Task prompt. Filter these records by the string "cuboid", copying each line that holds it.

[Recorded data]
----

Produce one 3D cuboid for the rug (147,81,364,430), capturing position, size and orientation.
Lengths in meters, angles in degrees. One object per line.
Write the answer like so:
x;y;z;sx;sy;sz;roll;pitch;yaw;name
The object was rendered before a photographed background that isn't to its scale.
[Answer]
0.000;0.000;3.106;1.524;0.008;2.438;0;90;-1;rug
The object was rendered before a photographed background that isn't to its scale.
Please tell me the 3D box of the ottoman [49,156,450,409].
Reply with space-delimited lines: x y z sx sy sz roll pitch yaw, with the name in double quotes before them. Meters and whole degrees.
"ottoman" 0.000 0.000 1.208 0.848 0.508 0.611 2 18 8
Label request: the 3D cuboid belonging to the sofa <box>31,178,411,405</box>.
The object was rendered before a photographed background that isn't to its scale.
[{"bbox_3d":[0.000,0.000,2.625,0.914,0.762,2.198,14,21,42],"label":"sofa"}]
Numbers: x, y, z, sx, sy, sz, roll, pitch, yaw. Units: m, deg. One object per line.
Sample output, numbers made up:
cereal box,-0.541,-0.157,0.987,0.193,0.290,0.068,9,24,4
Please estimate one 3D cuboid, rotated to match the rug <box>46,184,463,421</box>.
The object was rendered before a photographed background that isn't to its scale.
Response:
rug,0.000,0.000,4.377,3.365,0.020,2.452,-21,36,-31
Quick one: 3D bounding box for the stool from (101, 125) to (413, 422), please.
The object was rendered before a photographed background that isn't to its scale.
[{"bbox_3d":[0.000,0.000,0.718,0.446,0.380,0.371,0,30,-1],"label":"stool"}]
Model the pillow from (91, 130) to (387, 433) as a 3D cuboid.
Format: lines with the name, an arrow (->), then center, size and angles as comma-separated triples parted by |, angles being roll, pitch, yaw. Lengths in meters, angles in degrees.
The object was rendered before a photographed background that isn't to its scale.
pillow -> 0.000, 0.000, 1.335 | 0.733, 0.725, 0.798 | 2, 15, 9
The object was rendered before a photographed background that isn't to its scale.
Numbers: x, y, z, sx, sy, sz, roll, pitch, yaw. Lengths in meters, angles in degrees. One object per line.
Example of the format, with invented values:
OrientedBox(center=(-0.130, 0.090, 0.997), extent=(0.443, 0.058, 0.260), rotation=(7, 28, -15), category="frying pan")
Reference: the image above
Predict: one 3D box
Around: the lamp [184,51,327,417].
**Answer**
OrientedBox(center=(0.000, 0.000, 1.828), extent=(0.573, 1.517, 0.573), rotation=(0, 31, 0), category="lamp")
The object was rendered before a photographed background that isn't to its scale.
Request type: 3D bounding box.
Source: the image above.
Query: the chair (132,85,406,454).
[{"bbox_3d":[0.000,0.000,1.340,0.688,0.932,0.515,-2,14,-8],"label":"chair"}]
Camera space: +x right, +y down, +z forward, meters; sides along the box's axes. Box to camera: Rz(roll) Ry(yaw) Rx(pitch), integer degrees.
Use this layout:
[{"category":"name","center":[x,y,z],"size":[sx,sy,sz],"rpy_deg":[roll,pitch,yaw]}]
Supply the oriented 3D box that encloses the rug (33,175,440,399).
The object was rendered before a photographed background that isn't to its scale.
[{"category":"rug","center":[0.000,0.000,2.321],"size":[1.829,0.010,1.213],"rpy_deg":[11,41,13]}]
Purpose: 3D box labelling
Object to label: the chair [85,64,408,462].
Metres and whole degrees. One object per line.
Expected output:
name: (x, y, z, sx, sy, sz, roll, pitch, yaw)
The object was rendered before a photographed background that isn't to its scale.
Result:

----

Reply to the exercise.
Produce one 3D cuboid for the rug (147,81,364,430), capturing position, size and orientation.
Label request: the 3D cuboid belonging to the sofa <box>31,178,411,405</box>.
Please estimate one 3D cuboid, rotated to match the rug <box>46,184,463,421</box>.
Model the pillow from (91, 130) to (387, 433) as a 3D cuboid.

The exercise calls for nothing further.